Abstract
Liquids for electronic cigarettes and the vapor generated from them were examined by chemical and biological methods in order to reveal potential risk factors and their acceptability for consumers. Although the majority of the liquids on the market appear to be safe, some aroma compositions have been identified as possibly toxic for human vein epithelial cells, similar to tobacco smoke, thus indicating potential health risks and suggesting suitable test procedures before marketing the liquids.
Introduction
In the past decade, electronic cigarettes and the chemical substances used in them, the so-called e-liquids, have enormously developed in technology and variety, leading to a billion-dollar market. The main reason for this development is the hope that e-cigarettes are a suitable substitute for tobacco-smoking, diminishing the health risks associated with smoking without invoking the painful experiences associated with quitting it. The large variety of flavors provided by the e-liquid producers has facilitated the transition from smoking to ‘vaping’ as the use of e-cigarettes is commonly called, as it is based on evaporation at moderate temperatures instead of combustion at much higher temperature. Although studies available until now suggest that much less health risks are caused by vaping compared to smoking [1], the large variety of aromas used in the liquids and of devices available demand much more detailed and critical evaluation of potential risks. We have, therefore, decided to perform chemical and biological tests of the vapor inhaled and of the liquids themselves, under standardized conditions with numerous e-liquids, in particular the most-selling ones on the market.
Analytical procedures
Generation of vapor
A device was constructed to generate vapor from liquid under controlled standard conditions. It uses a common e-cigarette of type Eleaf Pico mod and Eleaf atomizer with Ti coil, with average coil temperature set to 240°C, fire interval to 30 s and firing time to 2 s. The vapor output of the device is connected from drip tip to an impinger containing distilled water or acetonitrile, in which the vapor is bubbling through the solvent. A second impinger follows and connects to a vacuum pump with flow regulation, which is started 1 s before firing and then runs for 4 s. After 100 cycles of firing the solution formed in the first impinger is used for analysis. For the biological experiments, 300 cycles of firing were performed to collect the vapor condensate. In this process, the impinger contained the buffer solution used in the experiments. A schematic drawing of the apparatus is shown in Fig. 1.
Chemical analysis
The liquids and the vapor collected in the impinger were analyzed using chromatographic methods GC (Agilent 6890 N with HP-5MS column), combined with mass spectroscopy (MS Agilent 5973 Inert). HPLC-UV was employed for the quantification of nicotine in the original liquids.

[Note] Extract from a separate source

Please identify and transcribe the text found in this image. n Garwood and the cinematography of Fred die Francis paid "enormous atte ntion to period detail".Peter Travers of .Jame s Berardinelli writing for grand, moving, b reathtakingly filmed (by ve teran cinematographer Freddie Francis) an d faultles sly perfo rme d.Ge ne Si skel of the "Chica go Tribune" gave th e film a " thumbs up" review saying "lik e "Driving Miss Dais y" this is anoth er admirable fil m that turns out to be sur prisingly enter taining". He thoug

Particular attention was payed to compounds considered as potentially noxious, i.e. aldehydes and carbonyls, but also – after having obtained biological data – to some other toxic compounds occasionally used in aroma mixtures, e.g. estragol and thujones. For the quantification of the DNPH-derivatives of formaldehyde, acetaldehyde, acrolein and diacetyl, standard solutions in the range from 5 to 2500 ng/ml were prepared and treated under the same reaction conditions for calibration.
Volatile compounds of the vapor were also extracted using a SPME fiber (2-cm triphasic divinylbenzene/carboxen/polydimethylsiloxane fibre). The fibre was successively desorbed in an Agilent GC5890 equipped with a Agilent MSD5975C quadrupole mass analyser (Varian CP-Select 624 CB 60 m, i.d. 0.32 mm column, Injector temperature 250°C/splitless).

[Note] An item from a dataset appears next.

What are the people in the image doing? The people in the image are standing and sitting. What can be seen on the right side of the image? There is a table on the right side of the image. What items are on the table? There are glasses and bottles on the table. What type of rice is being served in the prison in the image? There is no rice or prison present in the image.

Concentrations were quantified by calibration curves obtained for each component using pure compounds. Deuterated nicotine was used as internal standard.
Samples have been measured at least twice. Limit of quantification (LOQ) are reported in Table 1. The estimate uncertainty is ±30%.
Metal | Limit of Detection in μg/200 puffs |
---|---|
Sb | 0.1 |
Ni | 0.3 |
Cr | 0.3 |
Cd | 0.1 |
Pb | 0.1 |
As | 0.1 |
Zn | 1 |
Cu | 0.1 |
Al | 1 |
Sn | 0.3 |
Ti | 1 |
Hg | 0.0 |
-
Concentration of metals in e-liquid vapor was below LOQ in all cases.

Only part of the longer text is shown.